→ **What to work on**:
Going line by line through the records below, write out everything starting with the line containing "5. bread <box>298,312,388,387</box>" and going on through the line containing "Sample output, numbers", exactly and inclusively. Pictures do not go in.

------------------------------

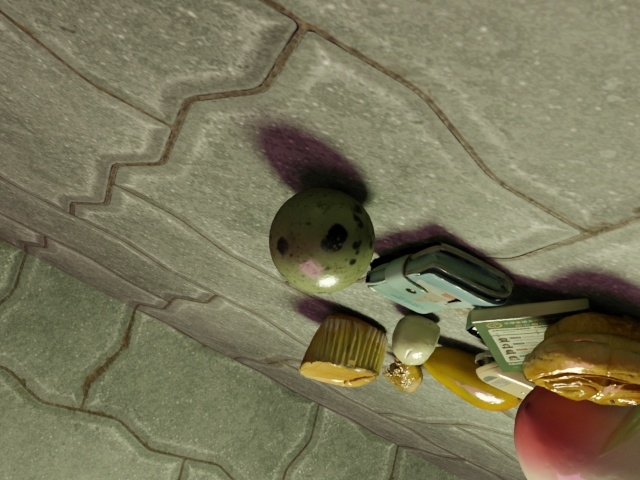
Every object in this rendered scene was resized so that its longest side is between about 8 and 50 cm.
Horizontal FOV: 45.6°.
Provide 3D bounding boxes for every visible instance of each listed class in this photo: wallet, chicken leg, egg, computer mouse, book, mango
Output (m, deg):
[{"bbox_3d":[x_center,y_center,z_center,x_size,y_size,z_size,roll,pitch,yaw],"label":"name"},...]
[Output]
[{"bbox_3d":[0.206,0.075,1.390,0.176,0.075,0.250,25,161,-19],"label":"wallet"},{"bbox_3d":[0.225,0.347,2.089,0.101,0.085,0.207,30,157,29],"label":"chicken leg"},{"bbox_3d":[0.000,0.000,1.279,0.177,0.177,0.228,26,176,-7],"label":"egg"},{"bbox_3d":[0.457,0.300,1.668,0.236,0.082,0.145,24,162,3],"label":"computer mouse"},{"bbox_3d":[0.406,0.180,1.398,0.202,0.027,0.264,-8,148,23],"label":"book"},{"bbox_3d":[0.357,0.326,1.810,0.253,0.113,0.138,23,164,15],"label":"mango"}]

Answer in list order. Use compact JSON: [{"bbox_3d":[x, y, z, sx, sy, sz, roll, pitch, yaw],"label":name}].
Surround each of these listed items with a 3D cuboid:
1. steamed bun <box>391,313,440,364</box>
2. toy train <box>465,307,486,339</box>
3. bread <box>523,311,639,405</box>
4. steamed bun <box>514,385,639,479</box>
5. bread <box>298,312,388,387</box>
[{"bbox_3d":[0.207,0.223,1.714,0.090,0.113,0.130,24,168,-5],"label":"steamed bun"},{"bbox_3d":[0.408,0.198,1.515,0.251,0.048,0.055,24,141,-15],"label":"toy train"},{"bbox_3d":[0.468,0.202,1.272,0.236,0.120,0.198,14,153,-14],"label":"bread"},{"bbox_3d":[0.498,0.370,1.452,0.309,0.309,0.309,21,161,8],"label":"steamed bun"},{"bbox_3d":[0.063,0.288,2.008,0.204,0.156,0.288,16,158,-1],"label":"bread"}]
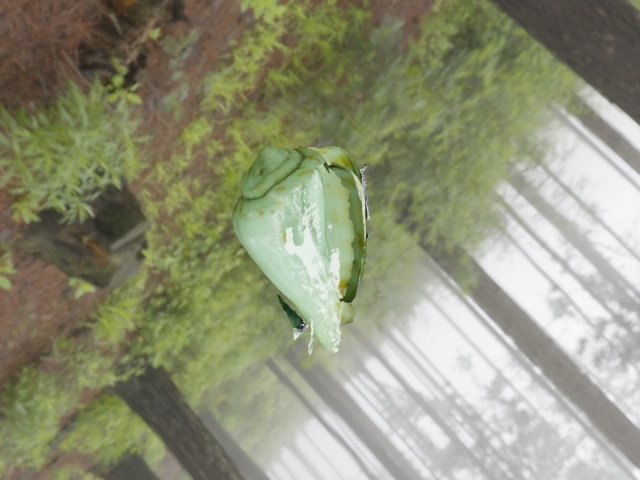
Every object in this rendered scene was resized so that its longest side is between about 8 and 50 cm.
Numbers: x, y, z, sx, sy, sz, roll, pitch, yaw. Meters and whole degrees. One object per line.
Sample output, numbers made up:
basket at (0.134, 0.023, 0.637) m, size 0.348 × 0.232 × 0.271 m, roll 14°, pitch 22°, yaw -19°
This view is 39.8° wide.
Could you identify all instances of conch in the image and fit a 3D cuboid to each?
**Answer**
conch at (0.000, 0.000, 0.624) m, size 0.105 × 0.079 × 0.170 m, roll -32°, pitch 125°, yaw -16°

------------------------------

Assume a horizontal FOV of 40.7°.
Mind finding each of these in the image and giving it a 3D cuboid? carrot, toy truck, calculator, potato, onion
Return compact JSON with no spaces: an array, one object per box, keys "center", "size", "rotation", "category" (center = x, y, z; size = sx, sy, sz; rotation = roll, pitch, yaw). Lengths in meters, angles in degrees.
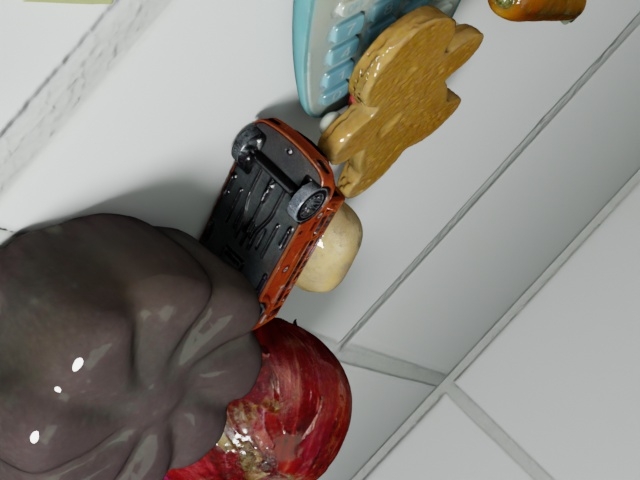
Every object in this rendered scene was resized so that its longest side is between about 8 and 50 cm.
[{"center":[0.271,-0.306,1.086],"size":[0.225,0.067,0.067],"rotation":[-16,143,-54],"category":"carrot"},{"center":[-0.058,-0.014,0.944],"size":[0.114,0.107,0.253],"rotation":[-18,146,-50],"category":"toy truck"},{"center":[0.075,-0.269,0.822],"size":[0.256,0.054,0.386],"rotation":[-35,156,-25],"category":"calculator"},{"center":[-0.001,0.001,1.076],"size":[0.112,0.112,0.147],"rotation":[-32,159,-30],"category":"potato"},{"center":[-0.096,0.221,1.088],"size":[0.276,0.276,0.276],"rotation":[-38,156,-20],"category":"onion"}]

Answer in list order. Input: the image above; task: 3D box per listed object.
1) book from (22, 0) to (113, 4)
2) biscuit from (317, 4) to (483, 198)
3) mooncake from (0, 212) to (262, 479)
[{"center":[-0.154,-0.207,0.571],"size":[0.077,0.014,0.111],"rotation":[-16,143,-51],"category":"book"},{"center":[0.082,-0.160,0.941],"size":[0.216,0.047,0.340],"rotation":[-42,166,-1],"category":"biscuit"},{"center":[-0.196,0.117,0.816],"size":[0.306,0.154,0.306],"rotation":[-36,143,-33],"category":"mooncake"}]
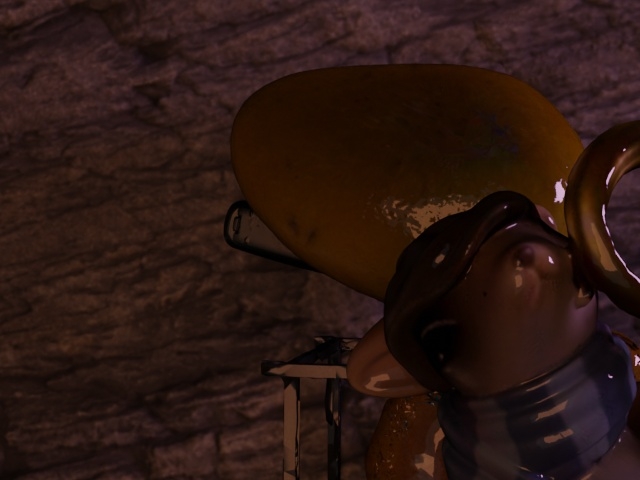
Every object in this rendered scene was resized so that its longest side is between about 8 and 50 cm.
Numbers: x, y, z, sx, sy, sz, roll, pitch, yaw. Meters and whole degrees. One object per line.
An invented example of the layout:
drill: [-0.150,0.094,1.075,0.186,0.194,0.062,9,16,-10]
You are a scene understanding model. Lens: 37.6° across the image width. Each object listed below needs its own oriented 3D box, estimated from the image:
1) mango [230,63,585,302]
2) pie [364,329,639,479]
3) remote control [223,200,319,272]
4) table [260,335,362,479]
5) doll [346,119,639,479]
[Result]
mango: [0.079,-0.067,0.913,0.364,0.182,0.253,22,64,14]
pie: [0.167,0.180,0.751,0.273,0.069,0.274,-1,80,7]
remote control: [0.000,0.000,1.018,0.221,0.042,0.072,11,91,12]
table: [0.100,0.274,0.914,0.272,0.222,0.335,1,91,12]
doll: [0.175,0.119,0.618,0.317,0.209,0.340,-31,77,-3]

------------------------------

→ **Answer for the task**:
5. bread <box>298,312,388,387</box>
[{"bbox_3d":[0.207,0.223,1.714,0.090,0.113,0.130,24,168,-5],"label":"steamed bun"},{"bbox_3d":[0.408,0.198,1.515,0.251,0.048,0.055,24,141,-15],"label":"toy train"},{"bbox_3d":[0.468,0.202,1.272,0.236,0.120,0.198,14,153,-14],"label":"bread"},{"bbox_3d":[0.498,0.370,1.452,0.309,0.309,0.309,21,161,8],"label":"steamed bun"},{"bbox_3d":[0.063,0.288,2.008,0.204,0.156,0.288,16,158,-1],"label":"bread"}]
Every object in this rendered scene was resized so that its longest side is between about 8 and 50 cm.
Numbers: x, y, z, sx, sy, sz, roll, pitch, yaw. Meters and whole degrees. One object per line.
Sample output, numbers made up:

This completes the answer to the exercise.